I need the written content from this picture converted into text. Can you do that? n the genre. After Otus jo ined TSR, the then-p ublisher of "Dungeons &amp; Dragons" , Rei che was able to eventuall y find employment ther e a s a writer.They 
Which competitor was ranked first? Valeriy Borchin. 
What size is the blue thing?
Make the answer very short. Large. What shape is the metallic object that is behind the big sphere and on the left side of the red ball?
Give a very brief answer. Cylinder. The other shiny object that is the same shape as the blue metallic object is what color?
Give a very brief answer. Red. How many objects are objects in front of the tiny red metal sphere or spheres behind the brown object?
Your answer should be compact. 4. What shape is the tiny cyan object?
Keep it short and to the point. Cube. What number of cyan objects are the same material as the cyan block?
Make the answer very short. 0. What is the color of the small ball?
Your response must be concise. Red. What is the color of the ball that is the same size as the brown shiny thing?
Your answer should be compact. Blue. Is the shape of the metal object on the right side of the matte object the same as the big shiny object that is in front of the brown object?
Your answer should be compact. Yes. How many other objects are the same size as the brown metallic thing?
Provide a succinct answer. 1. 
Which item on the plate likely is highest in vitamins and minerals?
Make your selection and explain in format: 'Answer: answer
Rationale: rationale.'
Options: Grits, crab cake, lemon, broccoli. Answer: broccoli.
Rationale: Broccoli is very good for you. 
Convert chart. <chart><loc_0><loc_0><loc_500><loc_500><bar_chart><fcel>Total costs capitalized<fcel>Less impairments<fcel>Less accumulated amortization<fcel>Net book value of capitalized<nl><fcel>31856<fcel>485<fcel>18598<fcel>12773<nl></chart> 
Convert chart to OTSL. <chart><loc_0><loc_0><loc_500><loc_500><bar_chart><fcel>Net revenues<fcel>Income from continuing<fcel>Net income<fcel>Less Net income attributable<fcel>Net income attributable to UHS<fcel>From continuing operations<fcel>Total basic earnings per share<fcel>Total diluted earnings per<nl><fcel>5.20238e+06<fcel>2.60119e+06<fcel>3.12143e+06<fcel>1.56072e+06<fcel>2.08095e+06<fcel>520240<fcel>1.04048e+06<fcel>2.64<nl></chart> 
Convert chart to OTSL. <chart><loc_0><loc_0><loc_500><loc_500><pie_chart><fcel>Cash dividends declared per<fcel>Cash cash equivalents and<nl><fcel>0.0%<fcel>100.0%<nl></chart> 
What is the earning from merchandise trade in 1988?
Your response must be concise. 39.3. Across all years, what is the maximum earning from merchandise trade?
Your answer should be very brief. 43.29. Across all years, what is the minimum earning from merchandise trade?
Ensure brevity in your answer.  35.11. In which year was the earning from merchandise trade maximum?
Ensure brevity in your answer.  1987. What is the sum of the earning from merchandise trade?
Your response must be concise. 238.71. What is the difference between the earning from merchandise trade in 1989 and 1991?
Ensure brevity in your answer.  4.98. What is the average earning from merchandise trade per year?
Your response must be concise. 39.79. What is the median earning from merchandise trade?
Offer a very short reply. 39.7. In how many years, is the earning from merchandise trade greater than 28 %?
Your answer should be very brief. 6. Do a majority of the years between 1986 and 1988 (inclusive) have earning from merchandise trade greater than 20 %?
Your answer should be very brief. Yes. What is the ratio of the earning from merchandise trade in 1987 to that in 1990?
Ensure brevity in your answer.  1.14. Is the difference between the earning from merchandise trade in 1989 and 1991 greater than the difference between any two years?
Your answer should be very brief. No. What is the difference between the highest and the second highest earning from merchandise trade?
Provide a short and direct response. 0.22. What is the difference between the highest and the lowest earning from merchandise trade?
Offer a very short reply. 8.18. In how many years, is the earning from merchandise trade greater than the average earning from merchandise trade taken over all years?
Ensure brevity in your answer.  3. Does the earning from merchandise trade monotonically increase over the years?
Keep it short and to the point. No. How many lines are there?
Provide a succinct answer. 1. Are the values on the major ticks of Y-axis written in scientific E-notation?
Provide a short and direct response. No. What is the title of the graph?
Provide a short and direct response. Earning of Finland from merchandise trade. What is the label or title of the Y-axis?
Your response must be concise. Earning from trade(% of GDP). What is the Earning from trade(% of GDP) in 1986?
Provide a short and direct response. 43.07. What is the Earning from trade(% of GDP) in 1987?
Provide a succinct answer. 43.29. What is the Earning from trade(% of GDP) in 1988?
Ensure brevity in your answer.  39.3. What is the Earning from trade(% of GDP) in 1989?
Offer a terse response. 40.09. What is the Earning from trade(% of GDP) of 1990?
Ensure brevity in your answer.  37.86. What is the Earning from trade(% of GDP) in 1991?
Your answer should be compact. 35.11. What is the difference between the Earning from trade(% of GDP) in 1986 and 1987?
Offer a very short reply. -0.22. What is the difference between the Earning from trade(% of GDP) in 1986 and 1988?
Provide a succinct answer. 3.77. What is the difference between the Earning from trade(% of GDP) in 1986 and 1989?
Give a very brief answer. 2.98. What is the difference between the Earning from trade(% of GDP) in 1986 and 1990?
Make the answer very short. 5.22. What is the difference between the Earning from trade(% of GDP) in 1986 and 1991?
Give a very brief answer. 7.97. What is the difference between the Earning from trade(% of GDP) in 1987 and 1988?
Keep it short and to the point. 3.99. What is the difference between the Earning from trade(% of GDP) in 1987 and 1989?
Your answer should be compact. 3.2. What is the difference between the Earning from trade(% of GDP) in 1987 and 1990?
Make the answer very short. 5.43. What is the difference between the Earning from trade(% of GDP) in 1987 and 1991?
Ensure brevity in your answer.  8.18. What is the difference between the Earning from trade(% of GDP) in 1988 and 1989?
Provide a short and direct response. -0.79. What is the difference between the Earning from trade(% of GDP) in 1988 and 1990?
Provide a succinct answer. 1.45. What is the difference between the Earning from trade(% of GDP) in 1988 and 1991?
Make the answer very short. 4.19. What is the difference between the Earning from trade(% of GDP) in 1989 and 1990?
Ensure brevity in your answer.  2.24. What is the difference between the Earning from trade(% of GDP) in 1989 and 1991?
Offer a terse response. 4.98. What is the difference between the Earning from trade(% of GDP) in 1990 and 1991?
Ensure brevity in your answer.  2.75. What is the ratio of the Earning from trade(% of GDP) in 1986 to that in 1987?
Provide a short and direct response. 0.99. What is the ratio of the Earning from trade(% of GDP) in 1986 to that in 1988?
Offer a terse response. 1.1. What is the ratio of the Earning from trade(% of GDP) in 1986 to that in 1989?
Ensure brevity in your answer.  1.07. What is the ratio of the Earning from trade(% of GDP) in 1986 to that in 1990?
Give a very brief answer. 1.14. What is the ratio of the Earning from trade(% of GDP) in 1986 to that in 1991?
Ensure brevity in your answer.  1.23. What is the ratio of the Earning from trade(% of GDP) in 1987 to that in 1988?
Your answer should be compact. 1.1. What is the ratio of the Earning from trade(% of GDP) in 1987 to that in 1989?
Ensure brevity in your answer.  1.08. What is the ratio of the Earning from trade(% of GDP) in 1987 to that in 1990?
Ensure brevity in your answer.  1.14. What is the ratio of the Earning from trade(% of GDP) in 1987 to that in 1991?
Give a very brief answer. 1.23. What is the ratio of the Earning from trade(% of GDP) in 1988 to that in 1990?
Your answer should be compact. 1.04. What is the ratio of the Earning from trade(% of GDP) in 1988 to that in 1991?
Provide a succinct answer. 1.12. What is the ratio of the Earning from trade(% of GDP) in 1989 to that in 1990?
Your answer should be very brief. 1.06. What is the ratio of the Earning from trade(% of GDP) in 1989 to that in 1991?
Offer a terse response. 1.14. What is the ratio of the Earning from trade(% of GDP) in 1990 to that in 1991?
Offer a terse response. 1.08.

==========

▶ [Task statement]: When you answer, output all of the material exactly as it appears above.

▶ [Answer area]:
I need the written content from this picture converted into text. Can you do that? n the genre. After Otus jo ined TSR, the then-p ublisher of "Dungeons &amp; Dragons" , Rei che was able to eventuall y find employment ther e a s a writer.They 
Which competitor was ranked first? Valeriy Borchin. 
What size is the blue thing?
Make the answer very short. Large. What shape is the metallic object that is behind the big sphere and on the left side of the red ball?
Give a very brief answer. Cylinder. The other shiny object that is the same shape as the blue metallic object is what color?
Give a very brief answer. Red. How many objects are objects in front of the tiny red metal sphere or spheres behind the brown object?
Your answer should be compact. 4. What shape is the tiny cyan object?
Keep it short and to the point. Cube. What number of cyan objects are the same material as the cyan block?
Make the answer very short. 0. What is the color of the small ball?
Your response must be concise. Red. What is the color of the ball that is the same size as the brown shiny thing?
Your answer should be compact. Blue. Is the shape of the metal object on the right side of the matte object the same as the big shiny object that is in front of the brown object?
Your answer should be compact. Yes. How many other objects are the same size as the brown metallic thing?
Provide a succinct answer. 1. 
Which item on the plate likely is highest in vitamins and minerals?
Make your selection and explain in format: 'Answer: answer
Rationale: rationale.'
Options: Grits, crab cake, lemon, broccoli. Answer: broccoli.
Rationale: Broccoli is very good for you. 
Convert chart. <chart><loc_0><loc_0><loc_500><loc_500><bar_chart><fcel>Total costs capitalized<fcel>Less impairments<fcel>Less accumulated amortization<fcel>Net book value of capitalized<nl><fcel>31856<fcel>485<fcel>18598<fcel>12773<nl></chart> 
Convert chart to OTSL. <chart><loc_0><loc_0><loc_500><loc_500><bar_chart><fcel>Net revenues<fcel>Income from continuing<fcel>Net income<fcel>Less Net income attributable<fcel>Net income attributable to UHS<fcel>From continuing operations<fcel>Total basic earnings per share<fcel>Total diluted earnings per<nl><fcel>5.20238e+06<fcel>2.60119e+06<fcel>3.12143e+06<fcel>1.56072e+06<fcel>2.08095e+06<fcel>520240<fcel>1.04048e+06<fcel>2.64<nl></chart> 
Convert chart to OTSL. <chart><loc_0><loc_0><loc_500><loc_500><pie_chart><fcel>Cash dividends declared per<fcel>Cash cash equivalents and<nl><fcel>0.0%<fcel>100.0%<nl></chart> 
What is the earning from merchandise trade in 1988?
Your response must be concise. 39.3. Across all years, what is the maximum earning from merchandise trade?
Your answer should be very brief. 43.29. Across all years, what is the minimum earning from merchandise trade?
Ensure brevity in your answer.  35.11. In which year was the earning from merchandise trade maximum?
Ensure brevity in your answer.  1987. What is the sum of the earning from merchandise trade?
Your response must be concise. 238.71. What is the difference between the earning from merchandise trade in 1989 and 1991?
Ensure brevity in your answer.  4.98. What is the average earning from merchandise trade per year?
Your response must be concise. 39.79. What is the median earning from merchandise trade?
Offer a very short reply. 39.7. In how many years, is the earning from merchandise trade greater than 28 %?
Your answer should be very brief. 6. Do a majority of the years between 1986 and 1988 (inclusive) have earning from merchandise trade greater than 20 %?
Your answer should be very brief. Yes. What is the ratio of the earning from merchandise trade in 1987 to that in 1990?
Ensure brevity in your answer.  1.14. Is the difference between the earning from merchandise trade in 1989 and 1991 greater than the difference between any two years?
Your answer should be very brief. No. What is the difference between the highest and the second highest earning from merchandise trade?
Provide a short and direct response. 0.22. What is the difference between the highest and the lowest earning from merchandise trade?
Offer a very short reply. 8.18. In how many years, is the earning from merchandise trade greater than the average earning from merchandise trade taken over all years?
Ensure brevity in your answer.  3. Does the earning from merchandise trade monotonically increase over the years?
Keep it short and to the point. No. How many lines are there?
Provide a succinct answer. 1. Are the values on the major ticks of Y-axis written in scientific E-notation?
Provide a short and direct response. No. What is the title of the graph?
Provide a short and direct response. Earning of Finland from merchandise trade. What is the label or title of the Y-axis?
Your response must be concise. Earning from trade(% of GDP). What is the Earning from trade(% of GDP) in 1986?
Provide a short and direct response. 43.07. What is the Earning from trade(% of GDP) in 1987?
Provide a succinct answer. 43.29. What is the Earning from trade(% of GDP) in 1988?
Ensure brevity in your answer.  39.3. What is the Earning from trade(% of GDP) in 1989?
Offer a terse response. 40.09. What is the Earning from trade(% of GDP) of 1990?
Ensure brevity in your answer.  37.86. What is the Earning from trade(% of GDP) in 1991?
Your answer should be compact. 35.11. What is the difference between the Earning from trade(% of GDP) in 1986 and 1987?
Offer a very short reply. -0.22. What is the difference between the Earning from trade(% of GDP) in 1986 and 1988?
Provide a succinct answer. 3.77. What is the difference between the Earning from trade(% of GDP) in 1986 and 1989?
Give a very brief answer. 2.98. What is the difference between the Earning from trade(% of GDP) in 1986 and 1990?
Make the answer very short. 5.22. What is the difference between the Earning from trade(% of GDP) in 1986 and 1991?
Give a very brief answer. 7.97. What is the difference between the Earning from trade(% of GDP) in 1987 and 1988?
Keep it short and to the point. 3.99. What is the difference between the Earning from trade(% of GDP) in 1987 and 1989?
Your answer should be compact. 3.2. What is the difference between the Earning from trade(% of GDP) in 1987 and 1990?
Make the answer very short. 5.43. What is the difference between the Earning from trade(% of GDP) in 1987 and 1991?
Ensure brevity in your answer.  8.18. What is the difference between the Earning from trade(% of GDP) in 1988 and 1989?
Provide a short and direct response. -0.79. What is the difference between the Earning from trade(% of GDP) in 1988 and 1990?
Provide a succinct answer. 1.45. What is the difference between the Earning from trade(% of GDP) in 1988 and 1991?
Make the answer very short. 4.19. What is the difference between the Earning from trade(% of GDP) in 1989 and 1990?
Ensure brevity in your answer.  2.24. What is the difference between the Earning from trade(% of GDP) in 1989 and 1991?
Offer a terse response. 4.98. What is the difference between the Earning from trade(% of GDP) in 1990 and 1991?
Ensure brevity in your answer.  2.75. What is the ratio of the Earning from trade(% of GDP) in 1986 to that in 1987?
Provide a short and direct response. 0.99. What is the ratio of the Earning from trade(% of GDP) in 1986 to that in 1988?
Offer a terse response. 1.1. What is the ratio of the Earning from trade(% of GDP) in 1986 to that in 1989?
Ensure brevity in your answer.  1.07. What is the ratio of the Earning from trade(% of GDP) in 1986 to that in 1990?
Give a very brief answer. 1.14. What is the ratio of the Earning from trade(% of GDP) in 1986 to that in 1991?
Ensure brevity in your answer.  1.23. What is the ratio of the Earning from trade(% of GDP) in 1987 to that in 1988?
Your answer should be compact. 1.1. What is the ratio of the Earning from trade(% of GDP) in 1987 to that in 1989?
Ensure brevity in your answer.  1.08. What is the ratio of the Earning from trade(% of GDP) in 1987 to that in 1990?
Ensure brevity in your answer.  1.14. What is the ratio of the Earning from trade(% of GDP) in 1987 to that in 1991?
Give a very brief answer. 1.23. What is the ratio of the Earning from trade(% of GDP) in 1988 to that in 1990?
Your answer should be compact. 1.04. What is the ratio of the Earning from trade(% of GDP) in 1988 to that in 1991?
Provide a succinct answer. 1.12. What is the ratio of the Earning from trade(% of GDP) in 1989 to that in 1990?
Your answer should be very brief. 1.06. What is the ratio of the Earning from trade(% of GDP) in 1989 to that in 1991?
Offer a terse response. 1.14. What is the ratio of the Earning from trade(% of GDP) in 1990 to that in 1991?
Offer a terse response. 1.08.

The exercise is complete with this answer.